Камера, куда меня привели, и ее двое обитателей меня сперва совершенно не интересовали. Главным достоинством было то, что у одного из них были запасные тапочки и были они сорок второго размера. У меня после голодовки и карцера начало распухать все тело (началась пеллагра от голода) и особенно ноги. Кожа на них превратилась во что-то вроде рыбной чешуи, а распухли они так, что лопнула кожа на ступнях и даже пятках, я почти совсем не мог ходить и уж во всяком случае мне не годились свои тапочки тридцать восьмого размера.
Однако, прошла неделя, две, даже на тюремном рационе мне становилось легче, я постепенно приходил в себя, хотя, конечно, ни на какую прогулку ходить был не способен. Но в тюрьме уже стало известно, в какой я камере и в то время, когда соседи были на прогулке, мне постучали из соседней камеры и по кружке сказали, что соседи у меня неподходящие и сидеть с ними в одной камере не следует. К этому времени я уже и сам стал способен говорить, расспрашивать, сам что-то рассказывать. У нас установились довольно хорошие отношения и постепенно выяснилось, что один из соседей был какой-то мутный, с сомнительной репутацией, а второй — крупный, черноволосый, очень симпатичный девятнадцатилетний парень был изнасилован своими соседями за то, что оставленный дневальным, когда вся камера ушла на прогулку, не смог от сосущего голода сдержаться и съел чьи-то пайки, да еще запил водой с общественным сахаром. Несчастному парню я скорее сочувствовал и не знаю как бы отнесся к рекомендации воров, сидевших в соседней камере (хоть мне это, конечно бы сильно усложнило жизнь и сделало ее в тюрьме очень запутанной), но, к счастью, все стало на свои места. Люди в таком положении, как этот мой сосед, очень зависимы от администрации, что им скажут, то они вынуждены и делать — ведь теперь их можно превратить совсем в тряпку.
Но провинциальное верхнеуральское начальство было явно озабочено тем, как же меня окончательно доломать, заставить сдаться. И однажды, вернувшись от «кума» мой сосед честно мне рассказал, что написал под диктовку заявление о том, что был со мной знаком в Ленинграде, где я ему давал для распространения какие-то антисоветские листовки и платил ему за это. Но он деньги у меня брал, а листовки не распространяя прямо пачкой бросал в урну, а поэтому не знает их содержания. И кроме того я ему поручал торговать какими-то картинами в золотых рамах. Все это было убого, смешно, но в то же время опасно, а у меня уже хватало сил постоянно писать жалобы в прокуратуру и требовать, чтобы меня перевели в другую камеру — без провокаторов.

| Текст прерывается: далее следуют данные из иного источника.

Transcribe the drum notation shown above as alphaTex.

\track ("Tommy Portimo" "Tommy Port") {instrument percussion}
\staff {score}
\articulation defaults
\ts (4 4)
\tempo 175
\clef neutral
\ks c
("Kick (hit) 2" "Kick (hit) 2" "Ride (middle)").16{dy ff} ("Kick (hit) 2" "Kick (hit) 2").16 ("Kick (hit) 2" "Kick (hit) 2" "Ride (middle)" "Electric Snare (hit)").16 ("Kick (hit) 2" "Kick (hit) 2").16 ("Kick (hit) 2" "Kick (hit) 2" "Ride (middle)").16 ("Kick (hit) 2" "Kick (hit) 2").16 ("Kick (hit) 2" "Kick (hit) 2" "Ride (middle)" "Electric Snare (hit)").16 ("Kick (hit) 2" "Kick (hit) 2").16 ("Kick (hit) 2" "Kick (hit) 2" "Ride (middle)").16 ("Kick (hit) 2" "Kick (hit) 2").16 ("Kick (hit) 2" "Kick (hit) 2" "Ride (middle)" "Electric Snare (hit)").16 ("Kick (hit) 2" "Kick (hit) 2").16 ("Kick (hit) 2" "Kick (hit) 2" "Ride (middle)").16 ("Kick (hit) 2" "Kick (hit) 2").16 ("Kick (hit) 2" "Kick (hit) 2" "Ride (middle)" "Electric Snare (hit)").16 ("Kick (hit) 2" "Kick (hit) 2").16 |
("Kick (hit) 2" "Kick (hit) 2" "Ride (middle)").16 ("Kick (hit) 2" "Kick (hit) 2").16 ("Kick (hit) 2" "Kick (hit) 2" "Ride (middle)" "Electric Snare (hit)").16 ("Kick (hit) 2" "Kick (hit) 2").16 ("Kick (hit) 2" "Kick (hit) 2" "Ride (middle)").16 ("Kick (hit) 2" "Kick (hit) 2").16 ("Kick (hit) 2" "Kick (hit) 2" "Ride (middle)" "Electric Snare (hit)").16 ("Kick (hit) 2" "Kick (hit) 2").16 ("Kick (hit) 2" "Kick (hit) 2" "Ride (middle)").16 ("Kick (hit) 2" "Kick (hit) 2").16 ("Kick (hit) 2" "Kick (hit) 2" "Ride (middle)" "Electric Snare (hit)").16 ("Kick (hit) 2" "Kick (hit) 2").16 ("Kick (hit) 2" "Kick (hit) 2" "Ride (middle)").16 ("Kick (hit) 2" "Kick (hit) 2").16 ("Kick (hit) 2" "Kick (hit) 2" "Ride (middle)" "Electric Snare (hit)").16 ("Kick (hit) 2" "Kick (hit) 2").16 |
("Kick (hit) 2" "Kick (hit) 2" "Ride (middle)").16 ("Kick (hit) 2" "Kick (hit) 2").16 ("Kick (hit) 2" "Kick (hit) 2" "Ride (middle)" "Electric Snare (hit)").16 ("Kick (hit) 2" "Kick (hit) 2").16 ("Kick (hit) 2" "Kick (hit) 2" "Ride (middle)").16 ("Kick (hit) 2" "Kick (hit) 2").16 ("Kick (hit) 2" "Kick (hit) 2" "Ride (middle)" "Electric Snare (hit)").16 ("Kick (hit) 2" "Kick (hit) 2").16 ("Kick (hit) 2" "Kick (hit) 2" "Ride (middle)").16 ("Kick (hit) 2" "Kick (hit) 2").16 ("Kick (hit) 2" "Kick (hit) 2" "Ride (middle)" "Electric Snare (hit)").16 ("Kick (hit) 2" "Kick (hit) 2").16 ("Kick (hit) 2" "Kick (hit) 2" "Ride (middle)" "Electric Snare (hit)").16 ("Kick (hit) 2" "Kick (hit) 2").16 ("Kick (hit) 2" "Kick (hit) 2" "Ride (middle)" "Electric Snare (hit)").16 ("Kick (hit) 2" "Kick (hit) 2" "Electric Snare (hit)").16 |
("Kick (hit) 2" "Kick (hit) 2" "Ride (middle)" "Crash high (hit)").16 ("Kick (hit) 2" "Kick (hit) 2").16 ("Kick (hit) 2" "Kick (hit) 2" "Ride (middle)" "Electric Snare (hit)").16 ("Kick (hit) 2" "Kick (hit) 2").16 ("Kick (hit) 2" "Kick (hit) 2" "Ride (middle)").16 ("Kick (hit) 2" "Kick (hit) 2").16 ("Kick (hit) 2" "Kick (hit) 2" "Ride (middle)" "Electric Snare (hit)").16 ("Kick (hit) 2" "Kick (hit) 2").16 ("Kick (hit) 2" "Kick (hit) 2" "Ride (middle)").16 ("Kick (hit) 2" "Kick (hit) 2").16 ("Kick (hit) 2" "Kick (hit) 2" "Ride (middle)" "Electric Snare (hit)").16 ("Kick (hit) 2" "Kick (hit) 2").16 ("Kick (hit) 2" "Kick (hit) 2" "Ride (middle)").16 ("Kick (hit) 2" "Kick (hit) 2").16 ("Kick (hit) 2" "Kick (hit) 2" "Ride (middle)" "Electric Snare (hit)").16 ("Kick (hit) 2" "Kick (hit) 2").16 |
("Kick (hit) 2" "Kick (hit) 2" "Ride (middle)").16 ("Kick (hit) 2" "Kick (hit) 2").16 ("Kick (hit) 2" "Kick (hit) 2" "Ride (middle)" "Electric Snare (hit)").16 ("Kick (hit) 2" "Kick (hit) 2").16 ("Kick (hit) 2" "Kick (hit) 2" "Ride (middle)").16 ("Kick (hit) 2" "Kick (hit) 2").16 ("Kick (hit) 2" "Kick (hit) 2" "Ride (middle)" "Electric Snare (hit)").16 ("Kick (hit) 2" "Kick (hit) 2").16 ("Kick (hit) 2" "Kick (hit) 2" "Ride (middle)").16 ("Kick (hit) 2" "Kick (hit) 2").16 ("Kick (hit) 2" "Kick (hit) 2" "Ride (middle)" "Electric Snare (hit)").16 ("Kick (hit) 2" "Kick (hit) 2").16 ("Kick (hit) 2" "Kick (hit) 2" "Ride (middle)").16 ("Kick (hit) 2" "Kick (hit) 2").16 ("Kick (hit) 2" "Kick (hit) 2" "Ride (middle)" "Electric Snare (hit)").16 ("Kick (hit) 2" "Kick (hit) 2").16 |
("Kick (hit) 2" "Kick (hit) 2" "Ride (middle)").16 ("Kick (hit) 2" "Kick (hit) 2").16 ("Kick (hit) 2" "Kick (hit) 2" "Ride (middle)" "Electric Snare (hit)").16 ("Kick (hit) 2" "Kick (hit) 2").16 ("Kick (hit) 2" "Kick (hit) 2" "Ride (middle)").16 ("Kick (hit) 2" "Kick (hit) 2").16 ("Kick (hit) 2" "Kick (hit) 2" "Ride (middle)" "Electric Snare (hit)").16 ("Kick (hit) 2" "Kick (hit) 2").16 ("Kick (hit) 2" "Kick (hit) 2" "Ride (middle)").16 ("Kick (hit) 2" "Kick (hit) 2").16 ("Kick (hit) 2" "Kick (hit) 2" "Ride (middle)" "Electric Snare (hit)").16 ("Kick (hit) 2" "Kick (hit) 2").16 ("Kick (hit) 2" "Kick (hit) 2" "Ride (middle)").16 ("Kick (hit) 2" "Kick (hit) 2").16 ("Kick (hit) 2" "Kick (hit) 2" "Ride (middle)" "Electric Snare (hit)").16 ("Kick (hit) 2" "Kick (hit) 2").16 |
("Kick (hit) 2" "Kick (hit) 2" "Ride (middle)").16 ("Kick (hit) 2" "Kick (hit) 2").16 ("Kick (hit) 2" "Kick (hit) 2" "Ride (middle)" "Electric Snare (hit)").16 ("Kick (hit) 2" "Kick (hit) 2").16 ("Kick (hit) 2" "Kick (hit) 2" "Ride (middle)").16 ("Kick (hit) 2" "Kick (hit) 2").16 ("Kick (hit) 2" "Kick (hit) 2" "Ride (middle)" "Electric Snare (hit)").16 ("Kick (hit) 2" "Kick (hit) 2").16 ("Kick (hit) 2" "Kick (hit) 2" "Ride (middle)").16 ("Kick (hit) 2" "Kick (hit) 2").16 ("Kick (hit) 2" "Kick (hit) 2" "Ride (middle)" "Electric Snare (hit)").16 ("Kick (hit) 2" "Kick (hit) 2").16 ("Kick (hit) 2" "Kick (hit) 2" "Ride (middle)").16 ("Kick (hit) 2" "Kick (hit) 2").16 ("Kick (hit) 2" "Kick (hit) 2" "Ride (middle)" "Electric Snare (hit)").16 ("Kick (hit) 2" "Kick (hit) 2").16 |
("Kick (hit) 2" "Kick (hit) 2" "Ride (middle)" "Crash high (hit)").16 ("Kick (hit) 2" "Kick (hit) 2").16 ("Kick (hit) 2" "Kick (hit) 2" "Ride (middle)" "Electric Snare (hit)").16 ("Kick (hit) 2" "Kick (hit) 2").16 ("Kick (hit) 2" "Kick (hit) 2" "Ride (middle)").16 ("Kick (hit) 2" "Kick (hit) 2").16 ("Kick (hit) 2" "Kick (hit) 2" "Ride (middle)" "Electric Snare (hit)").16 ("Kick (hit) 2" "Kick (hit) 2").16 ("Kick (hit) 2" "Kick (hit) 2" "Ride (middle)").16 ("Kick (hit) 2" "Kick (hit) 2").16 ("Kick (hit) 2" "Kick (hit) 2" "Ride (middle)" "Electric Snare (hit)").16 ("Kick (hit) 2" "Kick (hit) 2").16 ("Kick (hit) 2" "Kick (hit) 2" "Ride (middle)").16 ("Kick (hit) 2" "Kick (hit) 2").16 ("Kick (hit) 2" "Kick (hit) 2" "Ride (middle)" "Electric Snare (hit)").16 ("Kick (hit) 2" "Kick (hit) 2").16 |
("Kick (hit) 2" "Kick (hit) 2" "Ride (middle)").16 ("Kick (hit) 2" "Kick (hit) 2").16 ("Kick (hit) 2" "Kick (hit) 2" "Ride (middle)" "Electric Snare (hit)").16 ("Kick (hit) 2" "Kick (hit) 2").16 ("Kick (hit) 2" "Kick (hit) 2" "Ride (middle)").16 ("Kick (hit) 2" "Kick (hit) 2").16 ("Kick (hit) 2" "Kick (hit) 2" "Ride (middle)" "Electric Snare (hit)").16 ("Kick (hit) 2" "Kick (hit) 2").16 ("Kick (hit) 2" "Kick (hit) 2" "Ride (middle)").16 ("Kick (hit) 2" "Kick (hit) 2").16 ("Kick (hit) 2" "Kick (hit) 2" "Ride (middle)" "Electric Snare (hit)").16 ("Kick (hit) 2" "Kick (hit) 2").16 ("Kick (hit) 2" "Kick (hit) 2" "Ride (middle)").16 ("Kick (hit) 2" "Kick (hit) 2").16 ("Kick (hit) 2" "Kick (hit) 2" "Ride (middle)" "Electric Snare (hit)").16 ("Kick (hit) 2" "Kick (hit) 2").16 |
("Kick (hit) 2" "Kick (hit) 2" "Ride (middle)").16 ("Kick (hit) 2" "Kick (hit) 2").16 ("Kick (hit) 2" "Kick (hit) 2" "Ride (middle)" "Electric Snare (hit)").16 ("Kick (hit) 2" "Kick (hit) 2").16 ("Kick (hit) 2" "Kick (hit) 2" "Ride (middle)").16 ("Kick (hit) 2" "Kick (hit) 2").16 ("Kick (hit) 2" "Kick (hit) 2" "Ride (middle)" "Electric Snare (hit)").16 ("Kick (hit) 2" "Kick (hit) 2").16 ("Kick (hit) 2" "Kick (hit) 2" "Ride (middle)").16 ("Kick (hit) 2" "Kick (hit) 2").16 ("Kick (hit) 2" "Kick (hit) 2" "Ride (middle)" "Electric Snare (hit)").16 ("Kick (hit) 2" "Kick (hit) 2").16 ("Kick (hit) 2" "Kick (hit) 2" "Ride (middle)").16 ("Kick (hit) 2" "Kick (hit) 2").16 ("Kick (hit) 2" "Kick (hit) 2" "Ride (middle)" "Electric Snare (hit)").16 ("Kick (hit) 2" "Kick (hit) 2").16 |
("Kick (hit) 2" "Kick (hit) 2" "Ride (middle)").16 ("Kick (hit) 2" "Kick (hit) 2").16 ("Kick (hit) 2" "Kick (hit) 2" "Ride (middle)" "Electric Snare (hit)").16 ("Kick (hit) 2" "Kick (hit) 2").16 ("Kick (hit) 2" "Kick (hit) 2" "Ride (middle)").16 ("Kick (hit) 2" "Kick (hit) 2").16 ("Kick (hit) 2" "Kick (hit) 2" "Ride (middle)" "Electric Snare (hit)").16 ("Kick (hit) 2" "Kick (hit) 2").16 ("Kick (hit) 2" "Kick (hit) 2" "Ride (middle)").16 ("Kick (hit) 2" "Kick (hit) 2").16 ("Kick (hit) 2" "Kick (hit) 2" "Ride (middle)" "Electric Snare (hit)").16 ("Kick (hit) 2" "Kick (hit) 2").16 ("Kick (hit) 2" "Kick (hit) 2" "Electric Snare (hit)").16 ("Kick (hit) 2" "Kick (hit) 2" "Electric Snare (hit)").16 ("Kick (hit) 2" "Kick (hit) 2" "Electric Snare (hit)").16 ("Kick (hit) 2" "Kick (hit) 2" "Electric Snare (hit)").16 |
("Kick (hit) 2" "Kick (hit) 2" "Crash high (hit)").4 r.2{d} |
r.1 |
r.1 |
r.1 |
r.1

Еще около недели они поразмышляли, может быть дали мне еще немного поесть относительно нормальной еды, но потом охранник мне сказал «с вещами» и повел, правда не в другую камеру, а опять в карцер, правда не такой холодный, как был первый. И начался мой год в Верхнеуральске, где каждый месяц двадцать дней я проводил в камере (всегда новой для меня) после чего десять — в карцере. В каком порядке шли эти десять очень разных и всегда трудных, как все новые камеры, я уже не помню. Меня ни разу, как потенциального дезорганизатора не поместили в довольно крупную рабочую камеру. Тюрьма была заинтересована в трудовых показателях и ни воров, ни меня, ни еще двух-трех наиболее неподатливых заключенных в рабочие камеры не сажали. Меняли для них камеры на двоих, на троих (чтобы не было стабильных связей), карцеры (чаще всего для меня) и это была особая сфера интересов начальства.
Впрочем, бывали в тройниках (но недолго) и те, кто обычно был в рабочих камерах, так что и о них можно было узнать много интересного. Вообще же в тюрьме все обо всех знали.